The U.S. economy is expanding at a 2.7 percent annualized rate in the fourth quarter as data showed weaker business spending as consumer spending rose at a slower pace, the Atlanta Federal Reserve’s GDPNow forecast model showed on Friday.
This was slower than the 2.9 percent pace for fourth-quarter gross domestic product that the Atlanta Fed’s GDP program calculated on December 18.
The nowcast of fourth-quarter real personal consumption expenditures growth decreased from 4.1 percent to 3.7 percent after Friday's personal income and outlays release from the U.S. Bureau of Economic Analysis.
The next GDPNow update is Thursday, January 3.

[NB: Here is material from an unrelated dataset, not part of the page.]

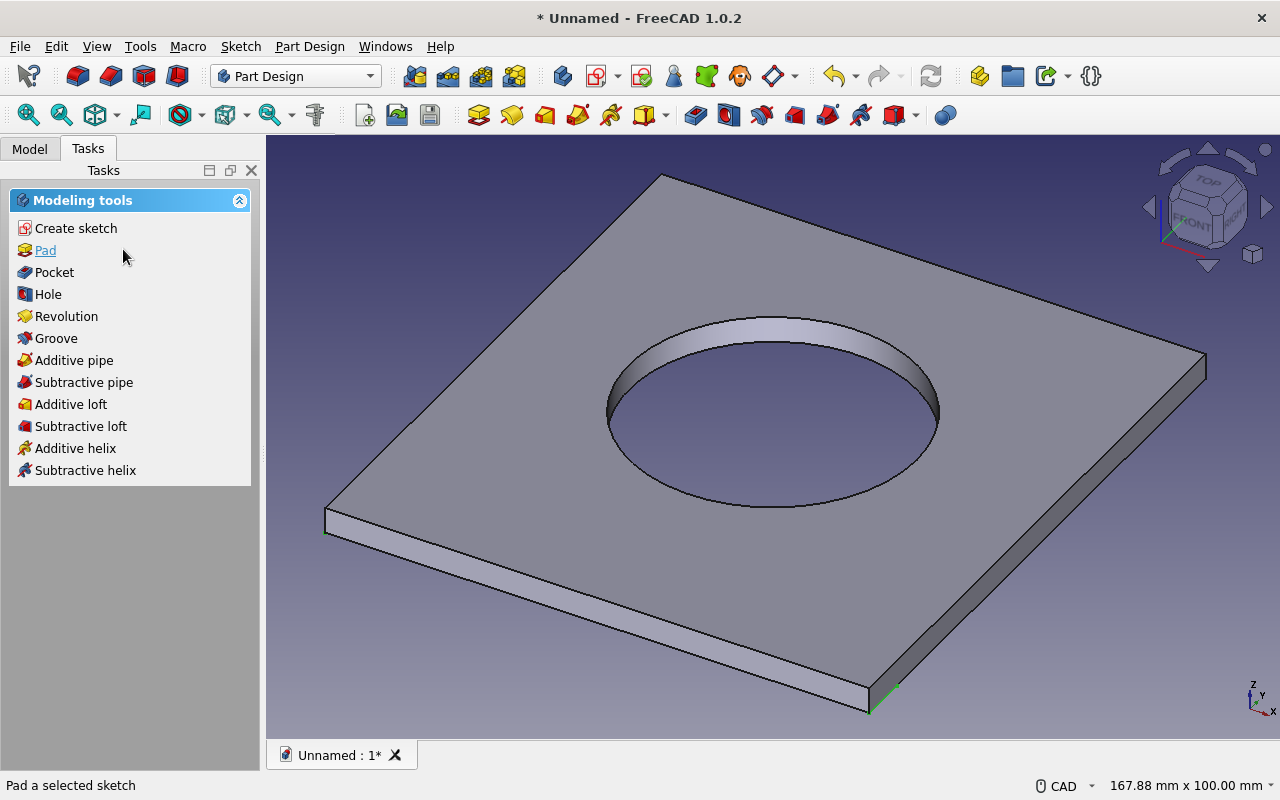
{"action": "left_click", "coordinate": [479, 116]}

The Atlanta Fed revision came just hours after the government announced that Americans lifted their spending 0.4 percent in November from the previous month, a moderate gain that should sustain steady economic growth.
Personal incomes rose 0.2 percent, down from 0.5 percent in the previous month, the Commerce Department said Friday.
Consumer spending jumped by the most in 13 months in October, and November’s solid gain on top of that points to healthy spending in the final three months of the year. Economists closely watch consumer spending because it accounts for about two-thirds of economic activity, the Associated Press reported.
Business spending is showing signs of slowing, leaving more of the burden on consumers to power the economy. A gauge of business investment in large equipment such as machinery and computers fell in November for the third time in four months, according to a separate report Friday.